Dicky Moe is a Tom and Jerry animated short film, released on July 20, 1962.[1] It was the eighth of the thirteen cartoons in the series to be directed by Gene Deitch and produced by William L. Snyder in Czechoslovakia. The plotline and title of the short is a parody of the 1851 novel Moby-Dick by Herman Melville.

Plot

In a 19th-century whaling harbor, the peg-legged captain of the Komquot is obsessed with catching the great white whale, Dicky Moe, to the point of drawing cuts of meat on Dicky Moe's picture, then eating the paper out of insanity. His obsession frightens his crew so badly that they all desert the ship in fear, angering the captain for their cowardly behavior. Shortly afterward, the captain finds Tom searching for food in the harbor, knocks him out and takes him aboard. Tom thinks at first that he is going on a cruise, and sets himself up with a chaise longue and a drink, but the captain almost immediately slams him out of it and forces him to work scrubbing the deck.

As Tom works, he sees Jerry set up a beach chair outside his hole. He grabs Jerry and scrubs away all his colors, leaving the mouse visible only as an outline. Jerry returns to his hole to get his colors back, switches Tom's water bucket for one filled with tar and tricks him into scrubbing the deck with it. Tom chases Jerry across the deck, only to get the entire bucket of tar dumped on him from head to toe; he briefly poses as the captain's shadow to avoid being spotted and attacked, then gets wiped clean when the captain slams a door open, smashing him into the wall.

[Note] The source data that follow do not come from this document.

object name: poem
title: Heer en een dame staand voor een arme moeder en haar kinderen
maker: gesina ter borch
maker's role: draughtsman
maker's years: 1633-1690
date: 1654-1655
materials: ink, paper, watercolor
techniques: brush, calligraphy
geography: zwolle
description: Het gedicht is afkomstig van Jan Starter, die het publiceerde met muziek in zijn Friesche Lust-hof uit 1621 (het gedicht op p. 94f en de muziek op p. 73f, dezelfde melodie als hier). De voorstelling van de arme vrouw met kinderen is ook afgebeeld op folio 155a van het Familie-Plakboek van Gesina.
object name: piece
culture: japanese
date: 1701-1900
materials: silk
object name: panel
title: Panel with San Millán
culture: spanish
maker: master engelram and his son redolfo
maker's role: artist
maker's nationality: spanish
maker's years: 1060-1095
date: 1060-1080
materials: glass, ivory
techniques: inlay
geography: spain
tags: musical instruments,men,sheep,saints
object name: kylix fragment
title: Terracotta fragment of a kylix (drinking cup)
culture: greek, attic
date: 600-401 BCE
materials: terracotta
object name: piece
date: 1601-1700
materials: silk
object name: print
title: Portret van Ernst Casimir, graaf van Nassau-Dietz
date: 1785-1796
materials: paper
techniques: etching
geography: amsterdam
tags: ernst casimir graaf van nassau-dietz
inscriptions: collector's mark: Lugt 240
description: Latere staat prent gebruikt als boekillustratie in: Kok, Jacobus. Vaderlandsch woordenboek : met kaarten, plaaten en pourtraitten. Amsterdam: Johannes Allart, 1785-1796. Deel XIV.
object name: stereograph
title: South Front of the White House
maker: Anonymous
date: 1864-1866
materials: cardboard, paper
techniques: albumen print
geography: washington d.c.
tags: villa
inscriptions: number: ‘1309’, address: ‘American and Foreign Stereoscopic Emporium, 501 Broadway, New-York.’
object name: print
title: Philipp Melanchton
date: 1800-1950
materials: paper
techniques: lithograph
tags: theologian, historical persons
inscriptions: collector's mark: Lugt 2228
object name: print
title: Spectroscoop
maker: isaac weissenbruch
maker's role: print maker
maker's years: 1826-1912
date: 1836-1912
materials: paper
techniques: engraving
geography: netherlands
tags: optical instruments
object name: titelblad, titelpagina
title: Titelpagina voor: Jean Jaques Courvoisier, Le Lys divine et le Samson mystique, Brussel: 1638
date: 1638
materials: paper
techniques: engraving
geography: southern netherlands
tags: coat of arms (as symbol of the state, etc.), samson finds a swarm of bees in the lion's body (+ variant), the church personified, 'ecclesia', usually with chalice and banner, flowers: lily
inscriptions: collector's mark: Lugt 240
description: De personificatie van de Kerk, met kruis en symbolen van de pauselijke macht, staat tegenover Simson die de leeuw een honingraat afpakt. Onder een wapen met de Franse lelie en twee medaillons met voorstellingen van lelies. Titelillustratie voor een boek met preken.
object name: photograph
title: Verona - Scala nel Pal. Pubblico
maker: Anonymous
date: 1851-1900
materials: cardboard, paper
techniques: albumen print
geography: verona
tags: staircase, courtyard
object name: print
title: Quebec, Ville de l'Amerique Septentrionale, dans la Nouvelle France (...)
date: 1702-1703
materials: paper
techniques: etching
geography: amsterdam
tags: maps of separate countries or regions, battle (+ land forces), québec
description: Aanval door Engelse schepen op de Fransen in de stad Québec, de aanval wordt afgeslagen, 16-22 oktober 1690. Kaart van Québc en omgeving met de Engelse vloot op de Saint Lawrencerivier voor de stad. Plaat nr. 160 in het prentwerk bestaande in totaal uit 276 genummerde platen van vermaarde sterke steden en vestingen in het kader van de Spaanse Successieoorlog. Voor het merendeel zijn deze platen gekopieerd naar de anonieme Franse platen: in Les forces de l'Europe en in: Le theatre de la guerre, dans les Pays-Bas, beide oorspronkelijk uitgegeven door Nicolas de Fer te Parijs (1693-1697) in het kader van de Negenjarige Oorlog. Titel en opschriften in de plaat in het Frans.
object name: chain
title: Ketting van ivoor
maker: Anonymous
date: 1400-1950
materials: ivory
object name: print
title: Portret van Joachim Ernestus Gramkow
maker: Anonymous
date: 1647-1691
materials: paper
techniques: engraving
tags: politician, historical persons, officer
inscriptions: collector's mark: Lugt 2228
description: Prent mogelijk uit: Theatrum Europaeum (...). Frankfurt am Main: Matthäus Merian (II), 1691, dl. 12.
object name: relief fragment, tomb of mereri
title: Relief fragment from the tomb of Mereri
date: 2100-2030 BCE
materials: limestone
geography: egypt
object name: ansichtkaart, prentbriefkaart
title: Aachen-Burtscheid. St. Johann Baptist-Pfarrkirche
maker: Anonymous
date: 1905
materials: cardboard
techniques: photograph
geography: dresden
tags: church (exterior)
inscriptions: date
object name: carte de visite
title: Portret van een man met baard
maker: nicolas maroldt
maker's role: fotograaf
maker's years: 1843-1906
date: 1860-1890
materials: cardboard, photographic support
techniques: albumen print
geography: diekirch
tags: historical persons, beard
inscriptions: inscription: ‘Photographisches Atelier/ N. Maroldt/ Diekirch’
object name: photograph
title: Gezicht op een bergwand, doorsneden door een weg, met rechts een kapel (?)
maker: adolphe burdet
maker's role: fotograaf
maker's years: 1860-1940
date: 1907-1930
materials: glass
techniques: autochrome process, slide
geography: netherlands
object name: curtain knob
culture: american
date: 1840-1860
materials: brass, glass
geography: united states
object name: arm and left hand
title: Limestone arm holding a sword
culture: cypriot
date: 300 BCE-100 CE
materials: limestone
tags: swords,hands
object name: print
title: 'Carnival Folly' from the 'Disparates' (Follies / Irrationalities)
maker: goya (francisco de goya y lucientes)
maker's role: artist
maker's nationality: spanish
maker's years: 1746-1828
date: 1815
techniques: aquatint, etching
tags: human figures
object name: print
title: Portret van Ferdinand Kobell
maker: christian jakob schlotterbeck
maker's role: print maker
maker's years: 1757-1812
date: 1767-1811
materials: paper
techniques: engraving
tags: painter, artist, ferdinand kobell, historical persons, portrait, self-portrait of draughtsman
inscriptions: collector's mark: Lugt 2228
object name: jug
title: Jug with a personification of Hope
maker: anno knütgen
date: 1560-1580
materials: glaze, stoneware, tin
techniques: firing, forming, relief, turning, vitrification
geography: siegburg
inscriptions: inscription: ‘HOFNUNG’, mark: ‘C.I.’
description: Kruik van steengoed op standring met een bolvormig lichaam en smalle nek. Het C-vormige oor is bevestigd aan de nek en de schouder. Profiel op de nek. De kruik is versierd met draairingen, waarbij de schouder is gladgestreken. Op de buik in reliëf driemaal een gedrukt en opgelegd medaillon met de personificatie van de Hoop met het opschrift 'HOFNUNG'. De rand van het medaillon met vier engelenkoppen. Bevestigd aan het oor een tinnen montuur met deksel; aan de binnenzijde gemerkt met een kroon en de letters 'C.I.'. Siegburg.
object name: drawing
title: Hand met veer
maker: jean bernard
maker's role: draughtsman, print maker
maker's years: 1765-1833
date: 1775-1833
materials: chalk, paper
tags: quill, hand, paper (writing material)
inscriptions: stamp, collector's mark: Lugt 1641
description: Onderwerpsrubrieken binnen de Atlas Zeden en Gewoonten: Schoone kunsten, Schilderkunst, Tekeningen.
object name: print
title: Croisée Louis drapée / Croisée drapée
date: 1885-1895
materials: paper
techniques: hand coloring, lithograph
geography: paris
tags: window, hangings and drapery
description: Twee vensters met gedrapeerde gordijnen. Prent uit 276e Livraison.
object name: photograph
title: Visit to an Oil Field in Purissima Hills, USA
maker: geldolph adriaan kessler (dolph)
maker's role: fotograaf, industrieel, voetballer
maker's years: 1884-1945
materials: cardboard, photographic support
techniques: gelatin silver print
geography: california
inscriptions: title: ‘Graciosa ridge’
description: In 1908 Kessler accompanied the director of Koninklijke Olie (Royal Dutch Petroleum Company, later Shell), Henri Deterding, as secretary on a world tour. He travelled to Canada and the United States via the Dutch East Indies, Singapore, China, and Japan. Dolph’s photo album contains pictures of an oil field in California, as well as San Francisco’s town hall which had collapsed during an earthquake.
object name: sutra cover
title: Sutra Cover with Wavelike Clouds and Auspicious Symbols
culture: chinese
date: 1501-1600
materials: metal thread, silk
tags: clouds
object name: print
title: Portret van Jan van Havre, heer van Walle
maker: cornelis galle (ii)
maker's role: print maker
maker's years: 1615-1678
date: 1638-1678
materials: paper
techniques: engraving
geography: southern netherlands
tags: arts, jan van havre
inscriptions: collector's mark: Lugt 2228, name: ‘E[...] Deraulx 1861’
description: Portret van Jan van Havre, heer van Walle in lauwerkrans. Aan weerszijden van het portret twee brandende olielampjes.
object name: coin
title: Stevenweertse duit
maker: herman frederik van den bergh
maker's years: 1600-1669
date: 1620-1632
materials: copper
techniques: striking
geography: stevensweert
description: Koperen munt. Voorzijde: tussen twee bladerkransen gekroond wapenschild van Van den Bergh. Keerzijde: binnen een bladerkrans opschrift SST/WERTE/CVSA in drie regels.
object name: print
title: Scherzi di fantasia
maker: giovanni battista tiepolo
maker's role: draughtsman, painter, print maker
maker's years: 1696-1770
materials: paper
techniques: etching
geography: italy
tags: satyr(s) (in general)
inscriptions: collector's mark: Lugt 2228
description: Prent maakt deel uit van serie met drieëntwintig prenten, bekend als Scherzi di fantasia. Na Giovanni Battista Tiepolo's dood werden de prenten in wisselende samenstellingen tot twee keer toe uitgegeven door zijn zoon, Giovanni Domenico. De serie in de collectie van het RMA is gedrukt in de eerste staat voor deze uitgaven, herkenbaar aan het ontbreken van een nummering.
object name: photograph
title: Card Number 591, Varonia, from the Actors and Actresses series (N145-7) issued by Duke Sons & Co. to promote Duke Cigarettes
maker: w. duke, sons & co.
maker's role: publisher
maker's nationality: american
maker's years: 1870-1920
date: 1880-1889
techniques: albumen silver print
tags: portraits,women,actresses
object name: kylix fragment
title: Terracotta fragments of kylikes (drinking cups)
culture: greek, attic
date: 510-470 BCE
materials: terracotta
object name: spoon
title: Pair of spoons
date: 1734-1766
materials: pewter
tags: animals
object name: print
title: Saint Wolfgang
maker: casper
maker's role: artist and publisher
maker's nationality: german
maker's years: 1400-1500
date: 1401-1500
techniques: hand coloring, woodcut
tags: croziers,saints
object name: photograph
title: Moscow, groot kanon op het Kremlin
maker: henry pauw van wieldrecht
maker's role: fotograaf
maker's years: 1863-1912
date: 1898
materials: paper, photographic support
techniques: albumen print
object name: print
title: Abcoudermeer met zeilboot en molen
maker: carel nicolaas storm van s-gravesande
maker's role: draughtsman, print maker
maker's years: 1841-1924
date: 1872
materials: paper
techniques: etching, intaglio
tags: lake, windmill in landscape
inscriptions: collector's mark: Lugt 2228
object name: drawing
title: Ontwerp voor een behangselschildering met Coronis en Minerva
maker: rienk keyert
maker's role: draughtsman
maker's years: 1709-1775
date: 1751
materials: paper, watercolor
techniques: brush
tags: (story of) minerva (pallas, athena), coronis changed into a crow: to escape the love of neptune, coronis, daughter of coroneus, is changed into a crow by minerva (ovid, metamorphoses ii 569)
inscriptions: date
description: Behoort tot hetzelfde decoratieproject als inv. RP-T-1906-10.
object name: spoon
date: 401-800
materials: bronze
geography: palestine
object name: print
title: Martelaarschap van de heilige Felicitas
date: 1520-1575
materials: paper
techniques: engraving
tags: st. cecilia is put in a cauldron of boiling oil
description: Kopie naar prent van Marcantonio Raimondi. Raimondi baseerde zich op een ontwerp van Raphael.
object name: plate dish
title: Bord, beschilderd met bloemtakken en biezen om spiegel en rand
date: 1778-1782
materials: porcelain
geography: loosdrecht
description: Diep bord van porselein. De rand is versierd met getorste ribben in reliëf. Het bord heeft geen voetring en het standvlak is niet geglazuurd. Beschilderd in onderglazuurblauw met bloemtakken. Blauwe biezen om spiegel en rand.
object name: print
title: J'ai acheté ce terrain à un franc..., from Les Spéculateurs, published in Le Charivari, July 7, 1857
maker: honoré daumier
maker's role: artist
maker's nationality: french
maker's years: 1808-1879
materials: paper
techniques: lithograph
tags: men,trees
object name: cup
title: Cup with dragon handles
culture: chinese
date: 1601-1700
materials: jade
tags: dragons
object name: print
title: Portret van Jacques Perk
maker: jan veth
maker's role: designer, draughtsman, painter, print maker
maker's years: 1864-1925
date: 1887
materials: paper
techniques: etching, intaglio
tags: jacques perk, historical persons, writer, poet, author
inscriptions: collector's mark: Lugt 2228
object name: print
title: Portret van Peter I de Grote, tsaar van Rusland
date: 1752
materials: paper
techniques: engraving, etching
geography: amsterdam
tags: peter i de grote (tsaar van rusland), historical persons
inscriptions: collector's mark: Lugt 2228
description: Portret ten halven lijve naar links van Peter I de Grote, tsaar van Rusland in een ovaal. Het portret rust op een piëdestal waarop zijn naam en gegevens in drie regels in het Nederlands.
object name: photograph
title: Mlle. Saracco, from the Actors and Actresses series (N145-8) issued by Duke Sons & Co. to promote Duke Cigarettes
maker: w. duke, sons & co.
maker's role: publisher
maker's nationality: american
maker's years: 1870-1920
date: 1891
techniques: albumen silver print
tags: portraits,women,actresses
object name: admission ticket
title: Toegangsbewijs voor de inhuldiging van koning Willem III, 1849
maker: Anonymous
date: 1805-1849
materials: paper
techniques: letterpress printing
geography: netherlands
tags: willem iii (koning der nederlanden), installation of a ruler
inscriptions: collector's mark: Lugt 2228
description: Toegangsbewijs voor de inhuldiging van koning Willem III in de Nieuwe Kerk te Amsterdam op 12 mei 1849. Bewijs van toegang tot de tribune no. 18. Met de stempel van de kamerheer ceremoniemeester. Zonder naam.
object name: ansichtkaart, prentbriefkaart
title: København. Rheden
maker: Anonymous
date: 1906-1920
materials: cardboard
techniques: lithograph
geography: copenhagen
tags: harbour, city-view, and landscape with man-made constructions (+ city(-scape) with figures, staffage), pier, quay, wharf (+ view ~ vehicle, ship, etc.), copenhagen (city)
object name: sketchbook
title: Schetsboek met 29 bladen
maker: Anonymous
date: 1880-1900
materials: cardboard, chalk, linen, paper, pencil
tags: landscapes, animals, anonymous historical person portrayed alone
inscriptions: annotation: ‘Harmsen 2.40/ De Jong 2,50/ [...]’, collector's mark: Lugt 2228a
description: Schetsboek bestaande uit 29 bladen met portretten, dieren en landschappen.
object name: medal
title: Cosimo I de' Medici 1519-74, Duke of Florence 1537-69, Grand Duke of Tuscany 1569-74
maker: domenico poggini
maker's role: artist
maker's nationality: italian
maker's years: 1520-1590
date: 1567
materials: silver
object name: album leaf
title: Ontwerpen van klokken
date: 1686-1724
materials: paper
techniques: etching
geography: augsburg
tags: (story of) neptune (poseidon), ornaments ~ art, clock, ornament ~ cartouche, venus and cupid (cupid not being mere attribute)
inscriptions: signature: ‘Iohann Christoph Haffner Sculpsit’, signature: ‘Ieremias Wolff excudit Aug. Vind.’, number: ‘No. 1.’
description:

Next Tom spots Jerry lounging in the rigging; he goes mad and begins (or tries) to shake him loose by undoing the knots. One of the heavy blocks swings loose and knocks Tom into a barrel of harpoons, leaving his nose stuck in one of them as the captain grabs it. Enraged, the captain pulls every which way and finally throws the harpoon for target practice, finally dislodging Tom. Jerry tricks Tom into stabbing his own tail with the harpoon thinking it is a white mouse. Tom sets a trap with a dangling anvil; Jerry comes, but spots the trap and switches Tom's bait (a piece of cheese) with a fish to mess with him. Tom dives for the fish, but the anvil drops on his own head, sending Tom crashing through the ship's hull and into the ocean.

With the help of a rope thrown by Jerry, Tom climbs back on board just as the captain sights Dicky Moe and fires a harpoon gun at him, and the rope flies up. Tom realizes too late that he is holding the free end of the harpoon's rope and therefore gets yanked off the ship. As the whale swims off with Tom tied to him by the rope, weakly screaming "Help", the captain shouts for him to "COME BACK WITH MY WHALE!!!" In his hole, Jerry settles down with a book and reads it, scoffing at the situation.

References

  1. ^ Lenburg, Jeff (1999). The Encyclopedia of Animated Cartoons. Checkmark Books. pp. 150–151. ISBN 0-8160-3831-7.